Israel is not the only one to have shut off the flow of water into the Dead Sea. Both the Jordanians and Palestinians are using water that should be reaching the sea for drinking and agricultural purposes, and the Dead Sea is paying the price. As a result of the acute fall in water levels, huge sink holes, of more than a meter in diameter, have opened up on the surface. These pose a grave safety hazard since they have been appearing not only under the palm tree groves along the shoreline, but also in footpaths and roads. One such large hole even opened up in the Ein Gedi parking lot, posing a grave danger to users.

The southern section of the Dead Sea is suffering from an acute increase in water level because of the activity of the Dead Sea Works, which pumps out water from the sea, harvests the potash from it and then dumps the salt sediment back into the sea. The salt is the factor that makes the water levels rise. The government undertook, in the Dead Sea Works privatization agreement, to deal with the rising water levels, but nothing has been done so far. In 2006 the Ministry of Tourism allocated millions of shekels for a solution to the problem, but this would be a temporary measure only. So severe is the crisis that some researchers have been calling for the hotels to be relocated elsewhere.

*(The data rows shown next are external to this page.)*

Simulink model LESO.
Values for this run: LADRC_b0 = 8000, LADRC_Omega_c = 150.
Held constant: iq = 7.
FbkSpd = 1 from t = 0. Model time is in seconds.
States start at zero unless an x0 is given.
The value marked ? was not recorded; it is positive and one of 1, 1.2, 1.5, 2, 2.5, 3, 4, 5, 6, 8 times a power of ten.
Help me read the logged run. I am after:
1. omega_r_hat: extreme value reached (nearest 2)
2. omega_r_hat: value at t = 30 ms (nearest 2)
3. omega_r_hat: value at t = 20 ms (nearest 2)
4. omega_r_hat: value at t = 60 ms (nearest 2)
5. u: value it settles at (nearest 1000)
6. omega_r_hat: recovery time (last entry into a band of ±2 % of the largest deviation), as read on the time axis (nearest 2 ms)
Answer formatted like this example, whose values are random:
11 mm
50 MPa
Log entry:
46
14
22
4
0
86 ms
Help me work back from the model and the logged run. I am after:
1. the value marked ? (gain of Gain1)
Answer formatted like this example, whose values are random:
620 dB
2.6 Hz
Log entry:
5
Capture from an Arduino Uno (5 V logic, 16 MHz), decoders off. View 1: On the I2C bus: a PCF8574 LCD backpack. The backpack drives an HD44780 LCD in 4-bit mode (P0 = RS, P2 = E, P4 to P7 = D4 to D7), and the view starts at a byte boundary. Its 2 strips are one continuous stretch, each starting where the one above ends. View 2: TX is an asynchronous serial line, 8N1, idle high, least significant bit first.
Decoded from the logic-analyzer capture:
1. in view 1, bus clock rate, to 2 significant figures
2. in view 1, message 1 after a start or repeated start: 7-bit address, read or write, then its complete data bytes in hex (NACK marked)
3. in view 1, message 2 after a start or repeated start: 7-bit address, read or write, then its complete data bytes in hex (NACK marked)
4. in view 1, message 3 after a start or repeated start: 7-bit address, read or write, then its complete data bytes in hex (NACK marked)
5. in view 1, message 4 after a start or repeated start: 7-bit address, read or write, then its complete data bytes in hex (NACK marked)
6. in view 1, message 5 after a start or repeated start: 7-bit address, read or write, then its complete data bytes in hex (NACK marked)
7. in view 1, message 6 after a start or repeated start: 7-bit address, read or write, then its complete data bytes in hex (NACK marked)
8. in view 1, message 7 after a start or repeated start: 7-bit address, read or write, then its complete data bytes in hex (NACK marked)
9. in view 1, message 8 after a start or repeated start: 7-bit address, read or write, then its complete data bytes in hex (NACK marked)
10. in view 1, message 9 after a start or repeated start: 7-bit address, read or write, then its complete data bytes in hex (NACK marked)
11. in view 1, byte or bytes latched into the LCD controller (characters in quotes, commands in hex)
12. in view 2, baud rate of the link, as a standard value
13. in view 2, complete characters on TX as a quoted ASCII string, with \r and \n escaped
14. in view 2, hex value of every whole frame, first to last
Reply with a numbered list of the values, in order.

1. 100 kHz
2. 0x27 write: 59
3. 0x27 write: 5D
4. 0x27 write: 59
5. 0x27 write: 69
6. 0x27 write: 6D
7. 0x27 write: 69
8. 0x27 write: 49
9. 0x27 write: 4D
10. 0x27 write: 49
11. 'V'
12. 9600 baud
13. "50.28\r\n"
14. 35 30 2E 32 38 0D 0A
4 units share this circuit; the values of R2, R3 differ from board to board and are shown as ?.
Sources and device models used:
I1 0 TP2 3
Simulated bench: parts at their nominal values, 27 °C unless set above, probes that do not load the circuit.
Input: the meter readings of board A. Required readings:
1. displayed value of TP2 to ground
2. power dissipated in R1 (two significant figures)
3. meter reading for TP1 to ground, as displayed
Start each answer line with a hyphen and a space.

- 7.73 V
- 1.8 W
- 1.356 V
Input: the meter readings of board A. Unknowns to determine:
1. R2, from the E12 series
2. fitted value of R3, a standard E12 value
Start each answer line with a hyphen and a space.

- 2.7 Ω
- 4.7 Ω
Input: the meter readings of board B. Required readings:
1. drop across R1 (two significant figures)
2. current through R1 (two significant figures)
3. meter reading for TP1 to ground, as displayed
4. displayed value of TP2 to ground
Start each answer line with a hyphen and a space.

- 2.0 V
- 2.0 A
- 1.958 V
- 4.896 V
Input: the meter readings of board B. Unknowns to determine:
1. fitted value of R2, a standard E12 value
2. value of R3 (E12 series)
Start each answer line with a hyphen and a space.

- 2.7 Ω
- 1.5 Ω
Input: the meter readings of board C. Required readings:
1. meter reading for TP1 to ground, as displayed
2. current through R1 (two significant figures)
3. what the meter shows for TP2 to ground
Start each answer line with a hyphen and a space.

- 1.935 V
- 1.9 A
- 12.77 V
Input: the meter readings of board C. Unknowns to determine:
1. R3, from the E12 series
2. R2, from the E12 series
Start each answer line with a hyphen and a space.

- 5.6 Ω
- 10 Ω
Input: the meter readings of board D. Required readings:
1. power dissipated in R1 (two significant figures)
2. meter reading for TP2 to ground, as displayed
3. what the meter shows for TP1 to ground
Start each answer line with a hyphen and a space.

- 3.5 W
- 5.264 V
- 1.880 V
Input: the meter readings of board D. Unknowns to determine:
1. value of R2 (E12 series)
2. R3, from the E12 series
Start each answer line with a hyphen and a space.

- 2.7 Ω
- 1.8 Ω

State Comptroller Micha Lindenstrauss has determined that the government must find an immediate solution to the problem. Such a solution has yet to be found. Among the ideas being mooted is a proposal by former Vice Premier and new President Shimon Peres to excavate a canal connecting the Dead Sea and Red Sea, as part of a regional peace project. The proposal also calls for the construction of hotels, power plants, fish ponds, and other facilities along the canal's waterfront. The Jordanians, who were consulted on the proposal, were enthusiastic about it and approached the World Bank, which offered to help.

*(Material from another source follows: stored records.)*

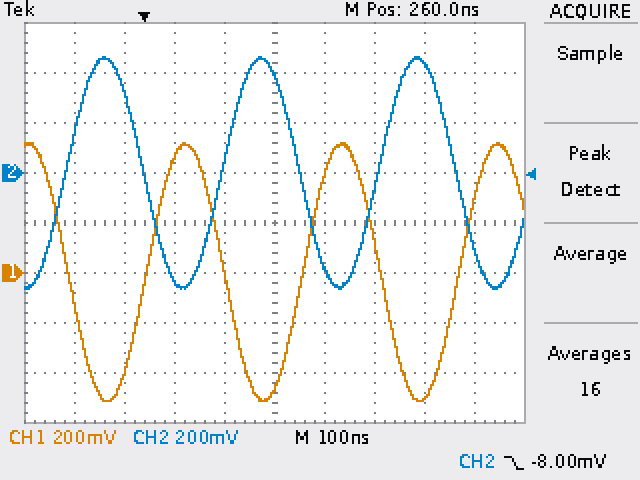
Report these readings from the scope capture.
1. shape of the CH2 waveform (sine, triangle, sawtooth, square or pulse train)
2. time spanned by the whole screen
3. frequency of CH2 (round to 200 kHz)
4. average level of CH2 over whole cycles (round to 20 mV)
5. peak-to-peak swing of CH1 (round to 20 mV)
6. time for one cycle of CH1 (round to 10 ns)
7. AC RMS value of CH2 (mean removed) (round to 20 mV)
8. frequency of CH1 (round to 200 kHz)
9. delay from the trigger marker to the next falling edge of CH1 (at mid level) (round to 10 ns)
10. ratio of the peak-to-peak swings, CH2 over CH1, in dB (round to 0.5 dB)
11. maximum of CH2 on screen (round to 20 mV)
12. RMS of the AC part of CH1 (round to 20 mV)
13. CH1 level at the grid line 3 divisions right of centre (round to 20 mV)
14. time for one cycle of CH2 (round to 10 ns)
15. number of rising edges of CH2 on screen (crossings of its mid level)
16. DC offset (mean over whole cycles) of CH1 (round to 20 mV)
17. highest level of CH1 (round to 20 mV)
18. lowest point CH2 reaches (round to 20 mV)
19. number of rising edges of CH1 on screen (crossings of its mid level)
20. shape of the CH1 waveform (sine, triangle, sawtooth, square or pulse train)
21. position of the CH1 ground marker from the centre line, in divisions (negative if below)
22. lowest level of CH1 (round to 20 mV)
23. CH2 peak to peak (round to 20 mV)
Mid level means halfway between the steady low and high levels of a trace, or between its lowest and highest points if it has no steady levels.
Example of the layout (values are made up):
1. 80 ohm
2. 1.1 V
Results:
1. sine
2. 1 µs
3. 3.2 MHz
4. 0 mV
5. 1.04 V
6. 310 ns
7. 320 mV
8. 3.2 MHz
9. 160 ns
10. -1.0 dB
11. 460 mV
12. 360 mV
13. -500 mV
14. 310 ns
15. 3
16. 0 mV
17. 520 mV
18. -460 mV
19. 3
20. sine
21. -1.0 div
22. -520 mV
23. 920 mV
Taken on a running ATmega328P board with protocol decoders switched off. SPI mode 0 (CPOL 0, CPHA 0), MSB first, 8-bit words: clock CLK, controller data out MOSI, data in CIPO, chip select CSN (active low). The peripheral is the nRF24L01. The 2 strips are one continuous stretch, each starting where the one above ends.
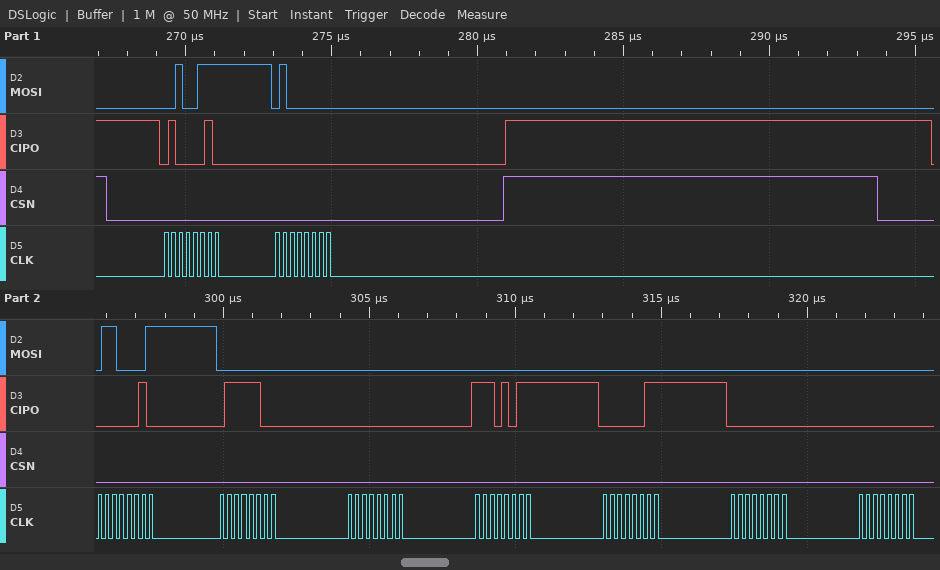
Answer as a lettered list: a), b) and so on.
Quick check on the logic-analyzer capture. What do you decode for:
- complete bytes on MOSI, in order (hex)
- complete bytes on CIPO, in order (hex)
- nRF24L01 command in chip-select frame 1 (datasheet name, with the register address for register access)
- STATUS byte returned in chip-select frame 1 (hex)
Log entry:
a) 27 40 61 00 00 00 00 00 00
b) 42 00 02 7C 00 EB 03 00 00
c) W_REGISTER 0x07
d) 0x42
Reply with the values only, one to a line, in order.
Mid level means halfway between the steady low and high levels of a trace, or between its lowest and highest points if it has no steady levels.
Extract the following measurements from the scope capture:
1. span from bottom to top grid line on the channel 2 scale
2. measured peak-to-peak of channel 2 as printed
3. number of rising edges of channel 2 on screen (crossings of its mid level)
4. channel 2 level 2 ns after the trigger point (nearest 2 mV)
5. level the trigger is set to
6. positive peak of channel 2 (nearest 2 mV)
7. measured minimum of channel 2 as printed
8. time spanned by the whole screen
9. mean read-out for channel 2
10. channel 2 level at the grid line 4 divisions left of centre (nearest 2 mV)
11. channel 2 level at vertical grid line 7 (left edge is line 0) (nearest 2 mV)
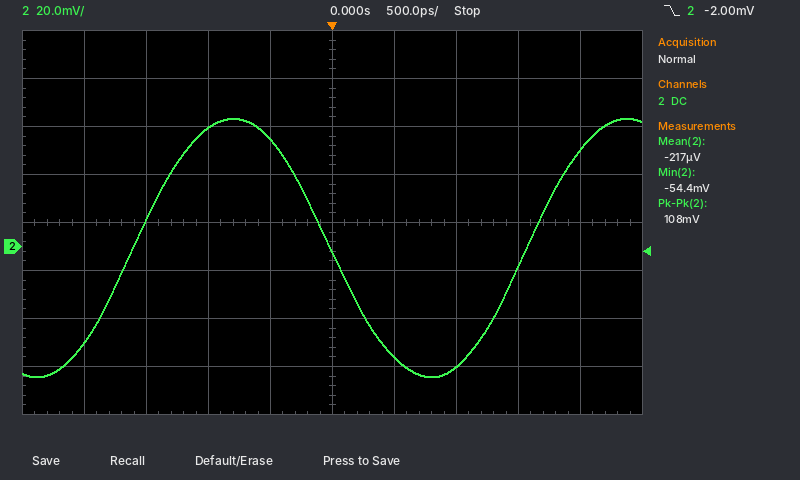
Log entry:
160 mV
108 mV
2
40 mV
-2.00 mV
54 mV
-54.4 mV
5 ns
-217 µV
-40 mV
-50 mV

But even before any serious research has been conducted, a number of experts have already ruled that the proposal is a bad solution, since the Dead Sea has been supplied, until now, with fresh water from the Jordan river. Pumping saline water from the Red Sea could, they believe, cause layering in the sea bed, which would turn the Dead Sea water into lime. Other experts claim that migrating birds could get confused and decide to stay in, of all places, the proposed fish pools.

Minister of National Infrastructures Benjamin Ben-Eliezer has already turned down the initiative on the grounds that most of the projects are based on Jordanian territory in any case, and that Israel should therefore avoid excessive intervention in its neighbors' business.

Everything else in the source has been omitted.